John DiJulius | Customer Experience Blog


2014 Customer Service Hall of Fame and Hall of Shame lists are out
September 30, 2014, 7:32 am
Filed under: Customer Service

The 2014 Customer service Hall of Fame – 24/7 Wall St. commissioned Zogby Analytics to conduct an on-line national survey in which 2,500 randomly chosen respondents rated Customer service at 150 of the best-known companies in the country. Fifteen industries are represented in the study. It probably won’t surprise you that for the fifth consecutive time, the highest-rated company was Amazon.com.

Top 5 on Customer Service Hall of Fame:


1. Amazon.com – As the largest on-line shopping site in the world, it offers a level of convenience that is difficult for other businesses to match. The company’s roots as a technology company also help Customer service. The site maintains the Customers’ purchase history and makes suggestions accordingly.  To the extent that Customer service leads to better financial performance, Amazon.com is clearly doing something right. The on-line retailer reported sales of $74.5 billion last year –nearly triple the 2009 sales of $24.5 billion!  Read past eService about Amazon To be the most Customer-centric company in the world.

Related: How Cleveland has become the Customer service capital of the world

2. Hilton Worldwide has the best Customer service of any hotel company in the United States. The company has a long track record of pioneering new initiatives to win the satisfaction of its guests. Hilton has been able to maintain its Customer service focus despite being one of the largest hotel chains in the world, with over $9.7 billion in revenue and more than 4,000 hotels and resorts system wide.
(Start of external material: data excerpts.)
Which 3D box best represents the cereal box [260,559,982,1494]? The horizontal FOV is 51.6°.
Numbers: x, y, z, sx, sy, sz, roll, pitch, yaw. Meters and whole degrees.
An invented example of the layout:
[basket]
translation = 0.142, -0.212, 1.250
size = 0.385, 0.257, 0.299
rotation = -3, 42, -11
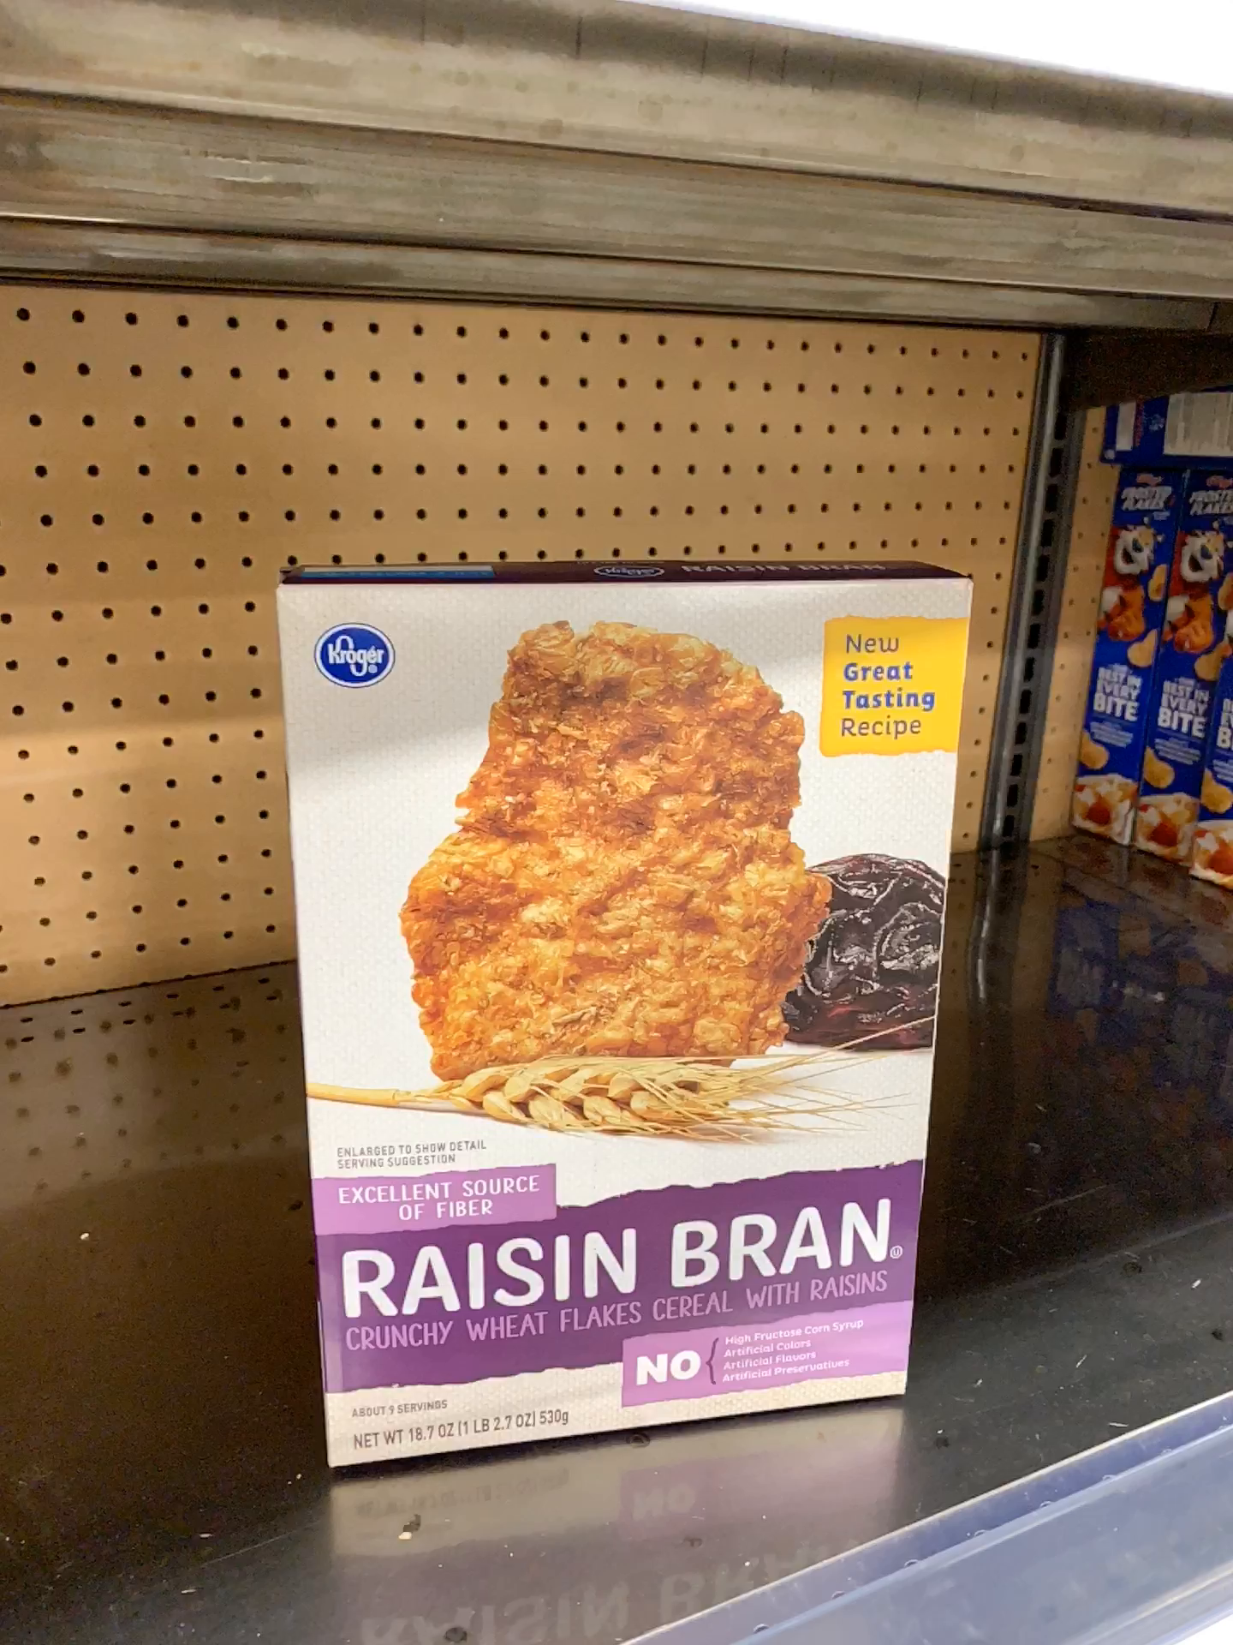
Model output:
[cereal box]
translation = 0.000, 0.059, 0.388
size = 0.190, 0.269, 0.050
rotation = -3, 16, -12

3. Marriott International – Marriott has been among Fortune’s “100 Best Companies to Work For” every year since the magazine started producing the list in 1998, one of only a handful of companies to achieve this. Read past eService about Marriott Empathy outweighs Action.

4. Chick-fil-A  is the sole restaurant in the 2014 Customer Service Hall of Fame. Chick-fil-A’s Customer service track record includes a number of innovative ideas. The chain’s employees appear to be satisfied as well. In 2014, Chick-fil-A was rated one of the best companies to work for by Glassdoor.com. Read past eService about Chick-fil-A To make every guest feel cared for in way that cannot be duplicated.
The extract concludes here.